_Description of the task_: Every line below must be reproduced exactly; no pictures are to be included.

START Source records

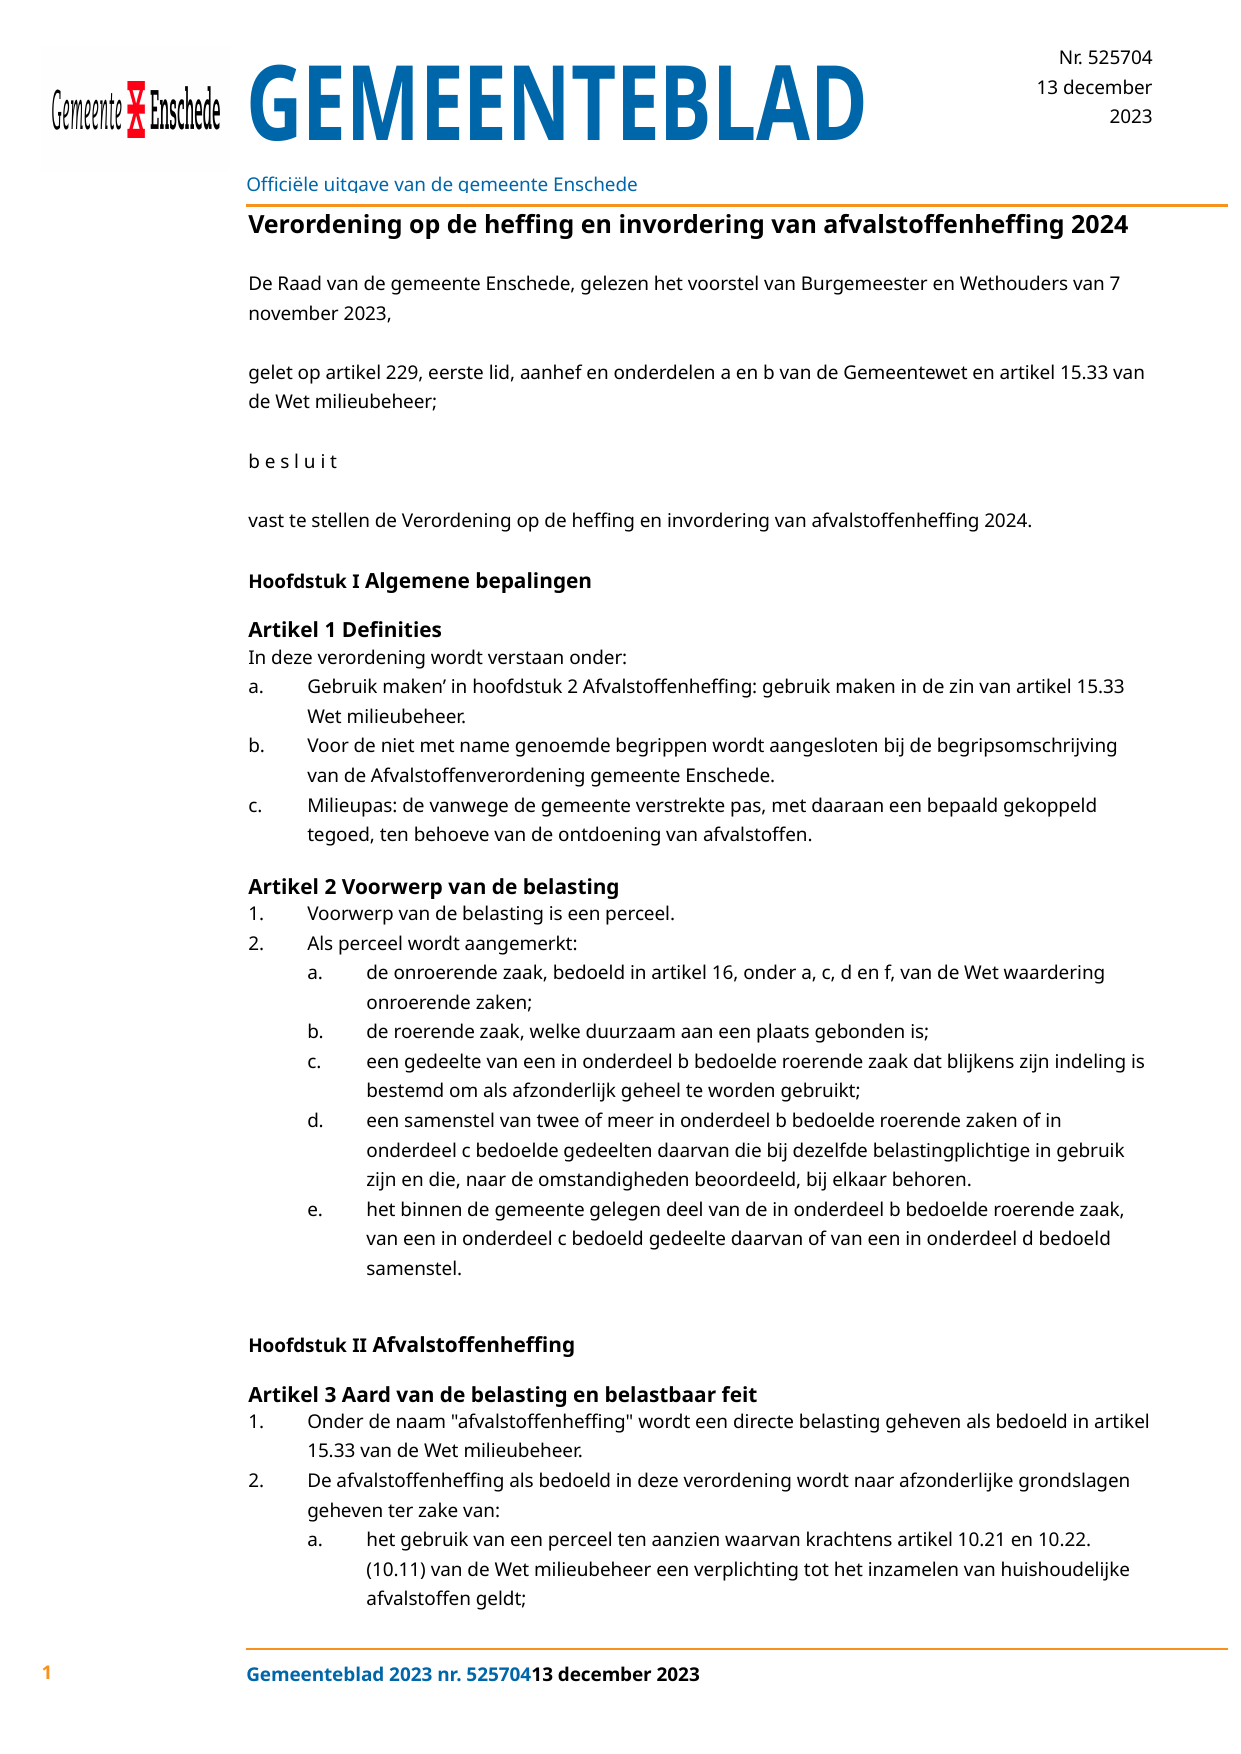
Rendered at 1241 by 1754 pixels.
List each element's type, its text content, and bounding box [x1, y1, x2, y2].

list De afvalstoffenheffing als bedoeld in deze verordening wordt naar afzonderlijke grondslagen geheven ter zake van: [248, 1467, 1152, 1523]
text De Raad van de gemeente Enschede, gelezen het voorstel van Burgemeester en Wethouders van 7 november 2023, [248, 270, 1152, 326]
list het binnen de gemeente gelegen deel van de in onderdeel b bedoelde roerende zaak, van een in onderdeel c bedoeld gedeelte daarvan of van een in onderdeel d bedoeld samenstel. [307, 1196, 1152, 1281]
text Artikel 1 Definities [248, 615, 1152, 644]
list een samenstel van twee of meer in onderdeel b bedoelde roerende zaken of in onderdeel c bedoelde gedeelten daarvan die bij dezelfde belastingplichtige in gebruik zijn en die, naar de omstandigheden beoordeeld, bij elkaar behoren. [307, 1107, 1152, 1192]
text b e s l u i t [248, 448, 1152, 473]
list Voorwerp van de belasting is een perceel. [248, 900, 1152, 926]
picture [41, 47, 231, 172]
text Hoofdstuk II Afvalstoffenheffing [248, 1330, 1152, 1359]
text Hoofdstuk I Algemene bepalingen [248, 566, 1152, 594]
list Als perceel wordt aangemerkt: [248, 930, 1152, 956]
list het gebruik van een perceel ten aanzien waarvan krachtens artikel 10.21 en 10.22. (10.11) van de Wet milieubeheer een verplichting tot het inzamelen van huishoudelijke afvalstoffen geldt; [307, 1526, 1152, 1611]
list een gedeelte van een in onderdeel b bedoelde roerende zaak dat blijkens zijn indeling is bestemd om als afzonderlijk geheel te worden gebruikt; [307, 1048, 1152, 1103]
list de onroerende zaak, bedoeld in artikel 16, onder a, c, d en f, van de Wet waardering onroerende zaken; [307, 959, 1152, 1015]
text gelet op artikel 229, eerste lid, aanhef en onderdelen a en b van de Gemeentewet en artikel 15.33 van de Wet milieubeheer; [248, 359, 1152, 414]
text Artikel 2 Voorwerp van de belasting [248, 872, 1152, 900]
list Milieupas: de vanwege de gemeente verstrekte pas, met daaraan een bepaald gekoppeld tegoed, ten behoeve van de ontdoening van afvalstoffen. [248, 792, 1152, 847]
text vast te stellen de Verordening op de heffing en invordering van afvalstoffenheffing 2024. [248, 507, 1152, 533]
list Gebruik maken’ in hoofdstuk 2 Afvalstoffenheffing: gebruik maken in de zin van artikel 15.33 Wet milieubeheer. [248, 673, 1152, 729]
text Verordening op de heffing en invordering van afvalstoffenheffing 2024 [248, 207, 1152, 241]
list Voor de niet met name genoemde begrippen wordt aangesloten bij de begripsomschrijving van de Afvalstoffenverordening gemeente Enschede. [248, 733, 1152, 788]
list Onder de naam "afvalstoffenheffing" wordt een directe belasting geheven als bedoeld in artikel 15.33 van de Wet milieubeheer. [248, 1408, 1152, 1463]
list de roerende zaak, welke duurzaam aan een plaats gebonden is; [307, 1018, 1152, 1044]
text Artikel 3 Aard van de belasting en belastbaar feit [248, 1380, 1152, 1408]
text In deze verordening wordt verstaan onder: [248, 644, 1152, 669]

END Source records

_Task output_:
Rendered at 1241 by 1754 pixels.
List each element's type, its text content, and bounding box [x1, y1, x2, y2].

list De afvalstoffenheffing als bedoeld in deze verordening wordt naar afzonderlijke grondslagen geheven ter zake van: [248, 1467, 1152, 1523]
text De Raad van de gemeente Enschede, gelezen het voorstel van Burgemeester en Wethouders van 7 november 2023, [248, 270, 1152, 326]
list het binnen de gemeente gelegen deel van de in onderdeel b bedoelde roerende zaak, van een in onderdeel c bedoeld gedeelte daarvan of van een in onderdeel d bedoeld samenstel. [307, 1196, 1152, 1281]
text Artikel 1 Definities [248, 615, 1152, 644]
list een samenstel van twee of meer in onderdeel b bedoelde roerende zaken of in onderdeel c bedoelde gedeelten daarvan die bij dezelfde belastingplichtige in gebruik zijn en die, naar de omstandigheden beoordeeld, bij elkaar behoren. [307, 1107, 1152, 1192]
text b e s l u i t [248, 448, 1152, 473]
list Voorwerp van de belasting is een perceel. [248, 900, 1152, 926]
picture [41, 47, 231, 172]
text Hoofdstuk II Afvalstoffenheffing [248, 1330, 1152, 1359]
text Hoofdstuk I Algemene bepalingen [248, 566, 1152, 594]
list Als perceel wordt aangemerkt: [248, 930, 1152, 956]
list het gebruik van een perceel ten aanzien waarvan krachtens artikel 10.21 en 10.22. (10.11) van de Wet milieubeheer een verplichting tot het inzamelen van huishoudelijke afvalstoffen geldt; [307, 1526, 1152, 1611]
list een gedeelte van een in onderdeel b bedoelde roerende zaak dat blijkens zijn indeling is bestemd om als afzonderlijk geheel te worden gebruikt; [307, 1048, 1152, 1103]
list de onroerende zaak, bedoeld in artikel 16, onder a, c, d en f, van de Wet waardering onroerende zaken; [307, 959, 1152, 1015]
text gelet op artikel 229, eerste lid, aanhef en onderdelen a en b van de Gemeentewet en artikel 15.33 van de Wet milieubeheer; [248, 359, 1152, 414]
text Artikel 2 Voorwerp van de belasting [248, 872, 1152, 900]
list Milieupas: de vanwege de gemeente verstrekte pas, met daaraan een bepaald gekoppeld tegoed, ten behoeve van de ontdoening van afvalstoffen. [248, 792, 1152, 847]
text vast te stellen de Verordening op de heffing en invordering van afvalstoffenheffing 2024. [248, 507, 1152, 533]
list Gebruik maken’ in hoofdstuk 2 Afvalstoffenheffing: gebruik maken in de zin van artikel 15.33 Wet milieubeheer. [248, 673, 1152, 729]
text Verordening op de heffing en invordering van afvalstoffenheffing 2024 [248, 207, 1152, 241]
list Voor de niet met name genoemde begrippen wordt aangesloten bij de begripsomschrijving van de Afvalstoffenverordening gemeente Enschede. [248, 733, 1152, 788]
list Onder de naam "afvalstoffenheffing" wordt een directe belasting geheven als bedoeld in artikel 15.33 van de Wet milieubeheer. [248, 1408, 1152, 1463]
list de roerende zaak, welke duurzaam aan een plaats gebonden is; [307, 1018, 1152, 1044]
text Artikel 3 Aard van de belasting en belastbaar feit [248, 1380, 1152, 1408]
text In deze verordening wordt verstaan onder: [248, 644, 1152, 669]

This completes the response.